**Data for review:**

--*--

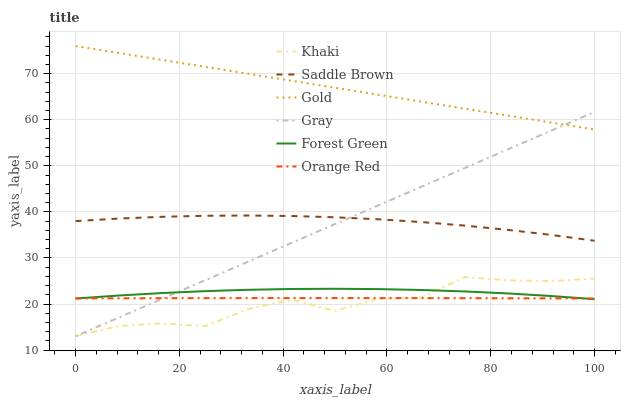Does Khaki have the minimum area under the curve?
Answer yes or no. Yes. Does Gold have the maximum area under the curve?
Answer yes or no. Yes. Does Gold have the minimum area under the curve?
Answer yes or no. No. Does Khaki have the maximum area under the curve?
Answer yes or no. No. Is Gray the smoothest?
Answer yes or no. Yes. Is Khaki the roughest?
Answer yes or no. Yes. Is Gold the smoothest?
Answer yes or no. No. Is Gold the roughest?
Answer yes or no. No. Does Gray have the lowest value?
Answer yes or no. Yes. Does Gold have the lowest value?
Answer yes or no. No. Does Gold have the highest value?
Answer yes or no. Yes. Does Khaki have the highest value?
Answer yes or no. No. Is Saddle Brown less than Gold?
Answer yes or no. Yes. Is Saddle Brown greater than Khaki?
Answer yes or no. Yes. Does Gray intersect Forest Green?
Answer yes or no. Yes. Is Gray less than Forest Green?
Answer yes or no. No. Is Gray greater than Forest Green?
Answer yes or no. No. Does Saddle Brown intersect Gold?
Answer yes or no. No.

--*--

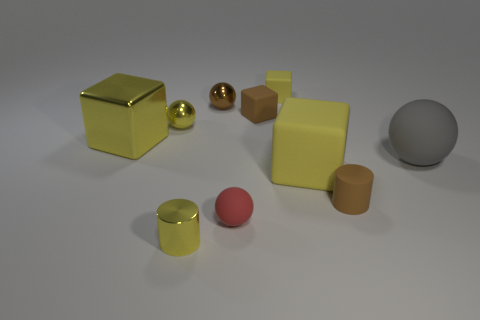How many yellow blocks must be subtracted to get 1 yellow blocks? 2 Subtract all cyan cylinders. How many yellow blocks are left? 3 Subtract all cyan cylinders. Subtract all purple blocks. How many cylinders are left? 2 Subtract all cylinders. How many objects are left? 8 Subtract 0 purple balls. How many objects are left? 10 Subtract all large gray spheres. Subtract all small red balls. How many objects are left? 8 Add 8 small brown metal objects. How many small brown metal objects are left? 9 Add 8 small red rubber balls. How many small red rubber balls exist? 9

--*--

**What is expected:** Go through the material above and count the lines that contain "highest"; give that number alone.

**Answer to the problem:** 2